Barack brigade hits out at Indian filmmaker
Indian American filmmaker Dinesh D'Souza, whose documentary on the US President has climbed up the box office chart, has come in for severe criticism by the the Obama Campaign which accused him of launching a smear campaign against Barack Obama.
The Obama Campaign also alleged that the movie is a deliberate distortion of Obama's record and world view.
‘The facts show that '2016: Obama's America' is nothing more than an insidious attempt to dishonestly smear the President by giving intellectual cover to the worst in subterranean conspiracy theories and false, partisan attacks,’ the Obama Campaign said in a recent blog.
Posted on its website 'Truth Team', Obama Campaign alleges that D'Souza's writings and film are ‘based on lies (and) should not come as a surprise’ to anyone given his ‘long history of attempting to add a veneer of intellectual respectability to fringe theories, conspiratorial fear-mongering, and flat-out falsehoods’.

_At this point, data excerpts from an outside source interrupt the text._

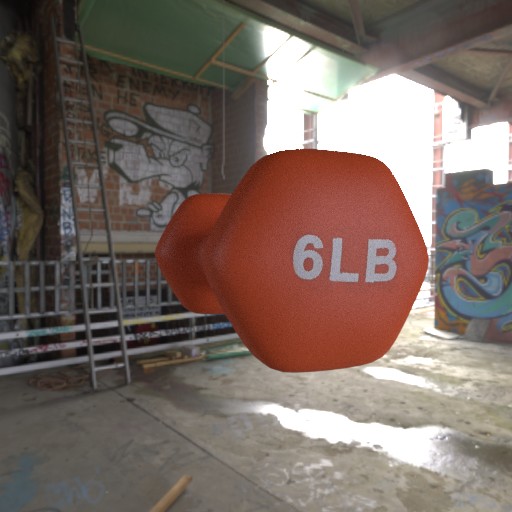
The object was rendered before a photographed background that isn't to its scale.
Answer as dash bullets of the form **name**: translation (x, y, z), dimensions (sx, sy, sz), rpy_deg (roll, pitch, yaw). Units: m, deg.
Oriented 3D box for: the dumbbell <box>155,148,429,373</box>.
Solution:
- **dumbbell**: translation (0.000, 0.000, 0.208), dimensions (0.079, 0.071, 0.162), rpy_deg (0, 1, -19)
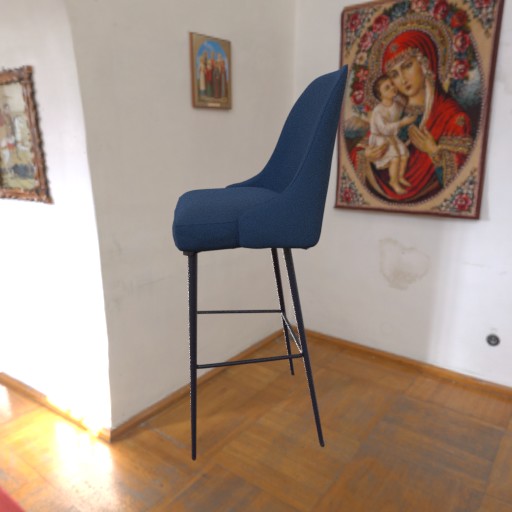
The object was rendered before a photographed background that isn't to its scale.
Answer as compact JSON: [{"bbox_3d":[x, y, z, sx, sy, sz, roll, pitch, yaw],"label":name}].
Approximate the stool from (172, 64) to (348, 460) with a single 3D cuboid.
[{"bbox_3d":[0.000,0.000,1.367,0.489,1.079,0.527,-2,15,-7],"label":"stool"}]
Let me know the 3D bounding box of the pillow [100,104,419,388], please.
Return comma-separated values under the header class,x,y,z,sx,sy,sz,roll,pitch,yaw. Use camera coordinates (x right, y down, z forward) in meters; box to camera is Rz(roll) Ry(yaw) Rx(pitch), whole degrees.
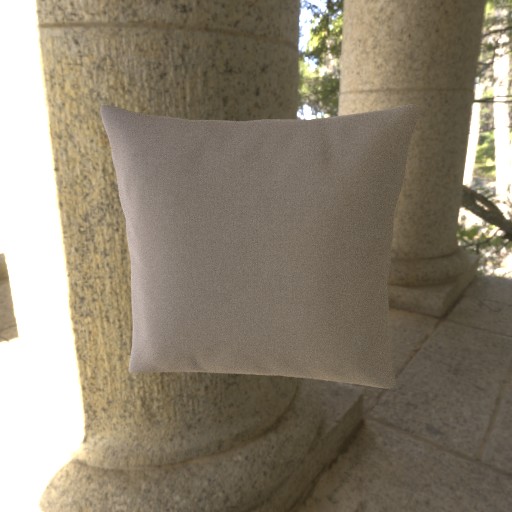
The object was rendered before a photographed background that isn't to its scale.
class,x,y,z,sx,sy,sz,roll,pitch,yaw
pillow,0.000,0.000,0.788,0.523,0.510,0.166,2,17,7
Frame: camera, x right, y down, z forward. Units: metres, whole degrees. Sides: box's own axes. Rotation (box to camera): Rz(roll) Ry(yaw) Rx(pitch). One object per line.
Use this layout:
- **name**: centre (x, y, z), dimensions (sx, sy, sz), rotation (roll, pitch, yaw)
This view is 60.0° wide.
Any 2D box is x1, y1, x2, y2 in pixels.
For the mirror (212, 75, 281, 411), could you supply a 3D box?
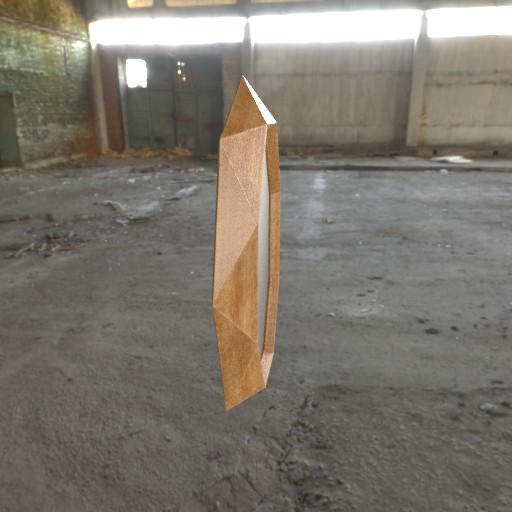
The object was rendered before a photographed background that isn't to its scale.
- **mirror**: centre (0.000, 0.000, 1.019), dimensions (0.070, 0.774, 0.577), rotation (3, 17, 9)
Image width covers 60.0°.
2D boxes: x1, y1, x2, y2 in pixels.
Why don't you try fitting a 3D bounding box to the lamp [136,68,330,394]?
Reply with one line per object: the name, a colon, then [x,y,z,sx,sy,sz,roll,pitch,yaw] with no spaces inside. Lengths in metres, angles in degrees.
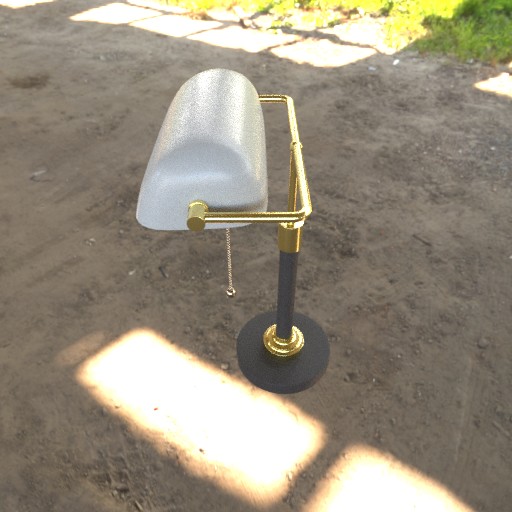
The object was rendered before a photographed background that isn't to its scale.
lamp: [0.000,0.000,0.559,0.227,0.404,0.269,0,41,0]
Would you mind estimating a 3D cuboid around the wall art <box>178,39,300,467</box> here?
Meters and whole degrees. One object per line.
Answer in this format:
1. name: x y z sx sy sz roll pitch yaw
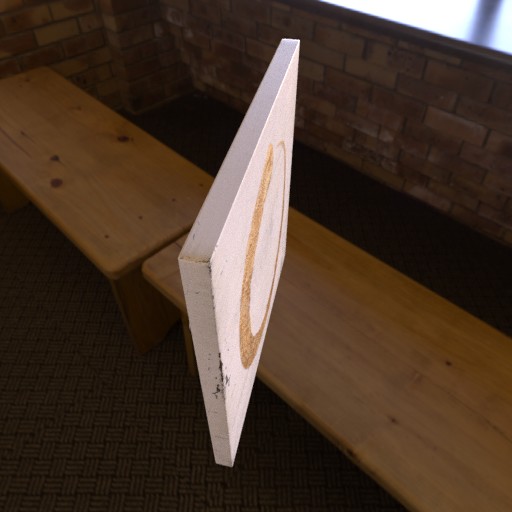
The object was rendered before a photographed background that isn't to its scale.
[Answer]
1. wall art: 0.000 0.000 0.883 0.040 0.611 0.610 9 47 9
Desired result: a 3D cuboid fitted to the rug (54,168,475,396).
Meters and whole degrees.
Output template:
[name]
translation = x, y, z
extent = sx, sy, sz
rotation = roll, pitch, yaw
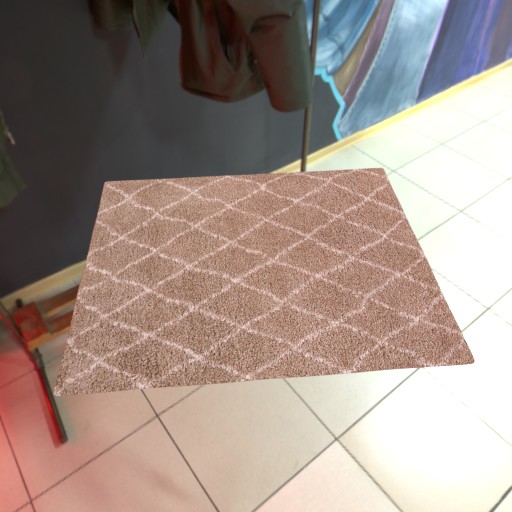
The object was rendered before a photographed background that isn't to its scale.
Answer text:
[rug]
translation = 0.000, 0.000, 4.005
extent = 3.047, 0.029, 2.438
rotation = -4, 47, -3
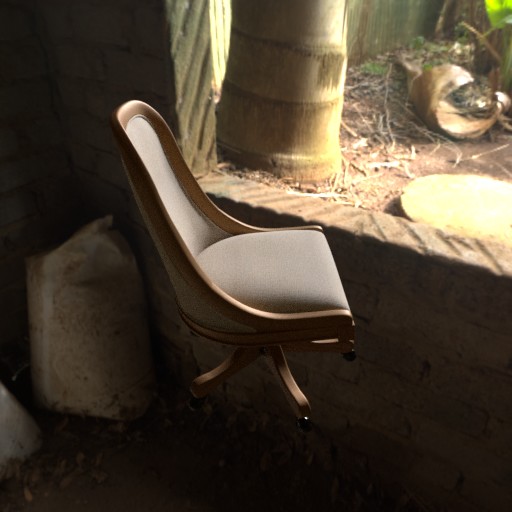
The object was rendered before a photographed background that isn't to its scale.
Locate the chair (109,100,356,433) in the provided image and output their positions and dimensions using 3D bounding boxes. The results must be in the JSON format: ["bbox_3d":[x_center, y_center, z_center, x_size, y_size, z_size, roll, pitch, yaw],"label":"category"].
[{"bbox_3d":[0.000,0.000,1.529,0.811,1.009,0.702,-1,32,-2],"label":"chair"}]
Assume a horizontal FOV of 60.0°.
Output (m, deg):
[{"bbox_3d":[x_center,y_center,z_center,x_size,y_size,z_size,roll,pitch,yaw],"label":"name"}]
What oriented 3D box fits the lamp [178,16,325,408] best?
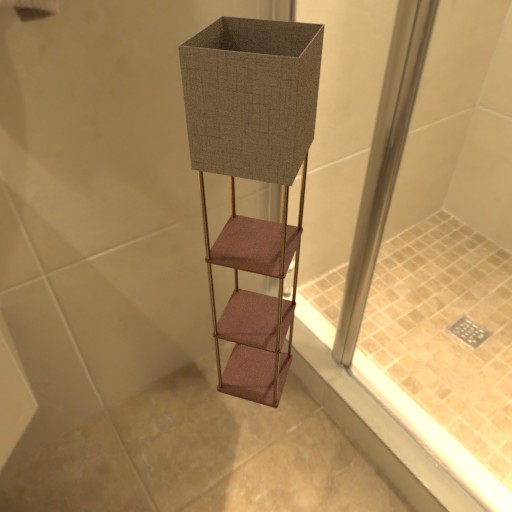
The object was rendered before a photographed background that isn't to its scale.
[{"bbox_3d":[0.000,0.000,1.696,0.310,1.569,0.308,12,43,13],"label":"lamp"}]
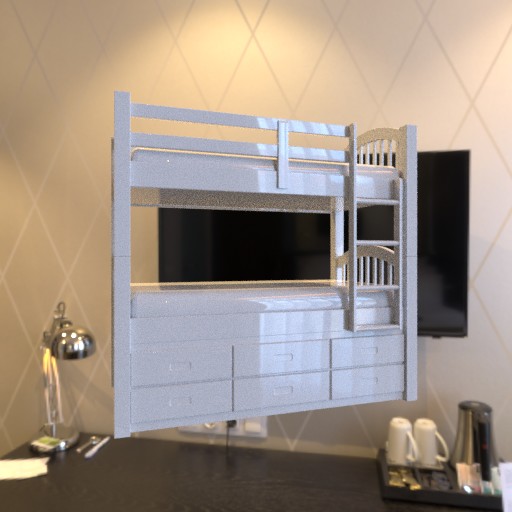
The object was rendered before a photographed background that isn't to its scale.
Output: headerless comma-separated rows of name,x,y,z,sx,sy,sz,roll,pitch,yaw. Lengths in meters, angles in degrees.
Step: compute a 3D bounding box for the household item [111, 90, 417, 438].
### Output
household item,0.000,0.000,3.294,2.032,2.032,1.143,0,0,-19
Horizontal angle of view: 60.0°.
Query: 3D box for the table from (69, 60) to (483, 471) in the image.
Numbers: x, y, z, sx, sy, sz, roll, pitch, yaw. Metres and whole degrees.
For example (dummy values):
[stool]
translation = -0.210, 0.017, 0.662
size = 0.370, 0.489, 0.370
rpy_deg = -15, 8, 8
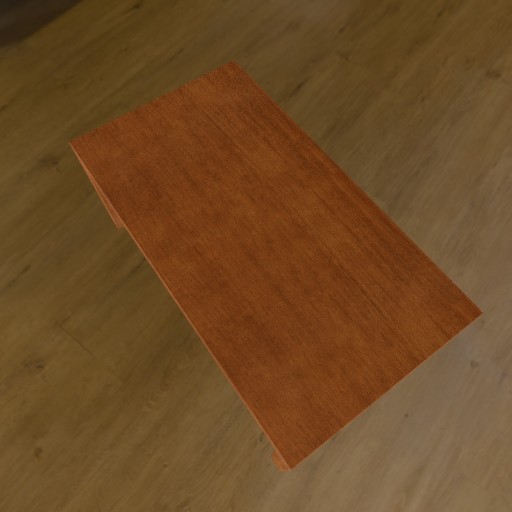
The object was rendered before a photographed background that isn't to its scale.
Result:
[table]
translation = 0.000, 0.000, 1.296
size = 0.549, 0.419, 1.000
rpy_deg = -33, 68, -15
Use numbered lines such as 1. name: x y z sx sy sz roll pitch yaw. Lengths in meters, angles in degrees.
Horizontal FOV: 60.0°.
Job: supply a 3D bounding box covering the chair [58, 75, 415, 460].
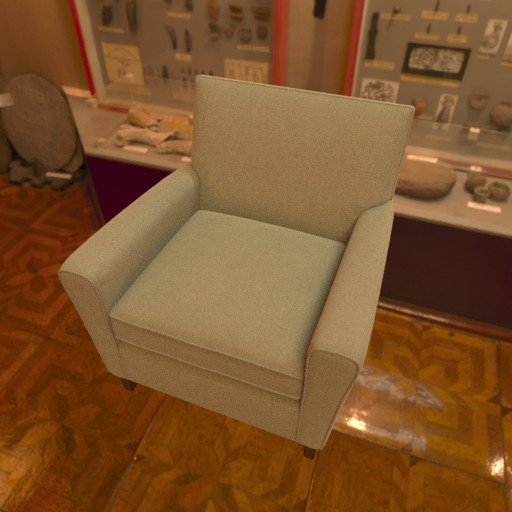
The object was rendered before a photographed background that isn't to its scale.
1. chair: 0.000 0.000 1.501 0.840 0.846 0.871 15 44 15
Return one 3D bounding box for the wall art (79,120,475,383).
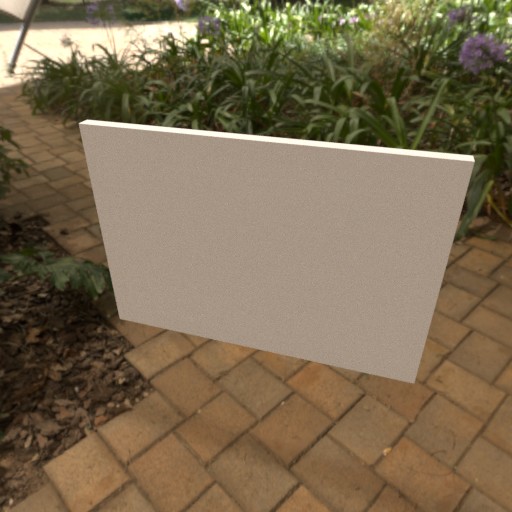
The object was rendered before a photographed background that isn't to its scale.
[{"bbox_3d":[0.000,0.000,1.673,1.308,0.902,0.051,9,33,15],"label":"wall art"}]
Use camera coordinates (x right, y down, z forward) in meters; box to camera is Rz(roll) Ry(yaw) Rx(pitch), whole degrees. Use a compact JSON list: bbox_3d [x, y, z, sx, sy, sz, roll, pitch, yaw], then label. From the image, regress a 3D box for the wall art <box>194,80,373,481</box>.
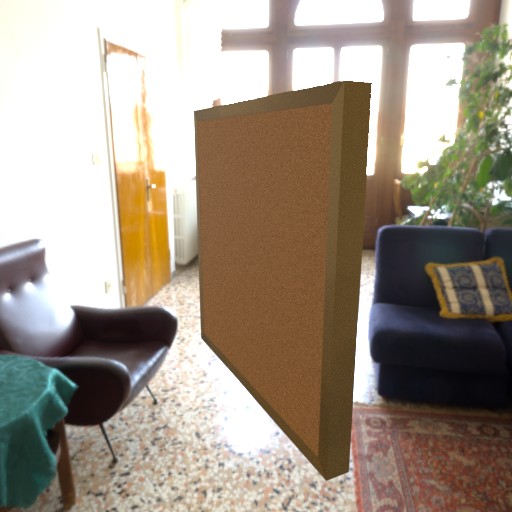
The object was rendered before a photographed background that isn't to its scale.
[{"bbox_3d":[0.000,0.000,0.765,0.038,0.508,0.507,-7,16,-25],"label":"wall art"}]
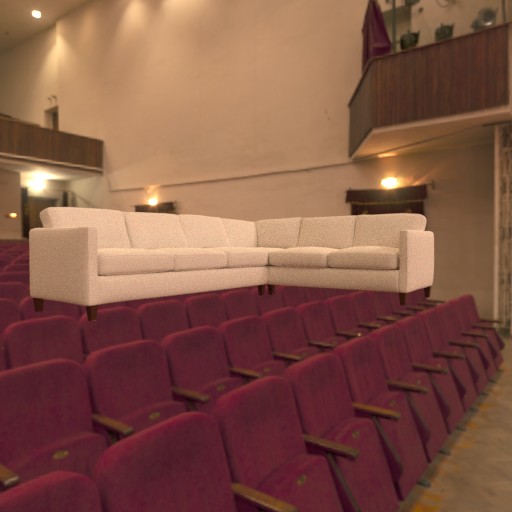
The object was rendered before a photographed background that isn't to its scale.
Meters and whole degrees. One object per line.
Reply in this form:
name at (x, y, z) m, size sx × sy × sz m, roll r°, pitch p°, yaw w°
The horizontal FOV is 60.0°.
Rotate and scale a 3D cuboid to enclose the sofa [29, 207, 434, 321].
sofa at (0.000, 0.000, 4.403) m, size 2.593 × 0.947 × 3.302 m, roll 1°, pitch 1°, yaw 37°
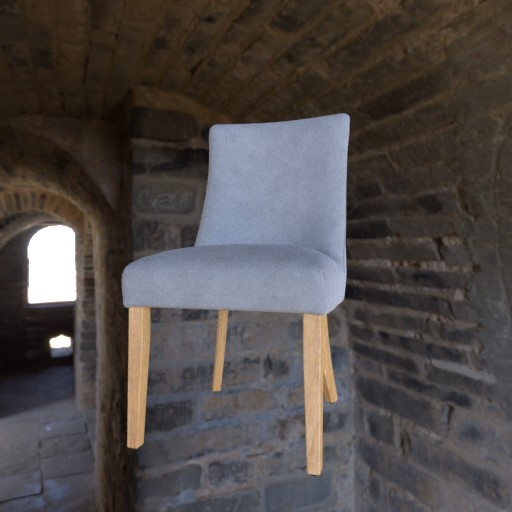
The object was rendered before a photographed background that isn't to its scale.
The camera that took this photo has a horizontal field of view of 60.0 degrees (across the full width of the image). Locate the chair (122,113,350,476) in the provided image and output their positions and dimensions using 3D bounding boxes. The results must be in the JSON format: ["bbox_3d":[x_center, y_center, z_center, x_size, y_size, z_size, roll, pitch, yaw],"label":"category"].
[{"bbox_3d":[0.000,0.000,1.241,0.495,0.902,0.610,0,0,17],"label":"chair"}]

Identifying him D'Souza as a right-wing author, the Obama Campaign says the documentary ‘falsely smears President Obama as having a hidden agenda bent on realising 'anti-colonial' ambitions’.
A ‘self-proclaimed’ expert on the President, D'Souza bases the film around his own past works, which were previously described as ‘the worst kind of smear journalism’, and riddled with ‘lazy errors’, it alleged.
The documentary, which equates reelection of US President Barack Obama with the death and dismemberment of the United States of America, this week, according to Box Office Mojo, has been running at number three.
It has grossed about USD 26 million so far and is running in more than 2,000 movie theaters across the country.
Released on 24 August, so far it is the number two highest-grossing political documentary behind Michael Moore's 'Fahrenheit 9/11'. Though it has climbed up the box office chart and is highly popular among Republican and Tea party supporters, the movie has been blasted by the critics.
‘The worst kind of smear journalism?a singularly disgusting work,’ wrote Columbia Journalism Review.
Variety called it a ‘cavalcade of conspiracy theories, psycho-politico conjectures and incendiary labelling’; while the Los Angeles Times labelled it as a ‘badly disguised and overly long attack ad’.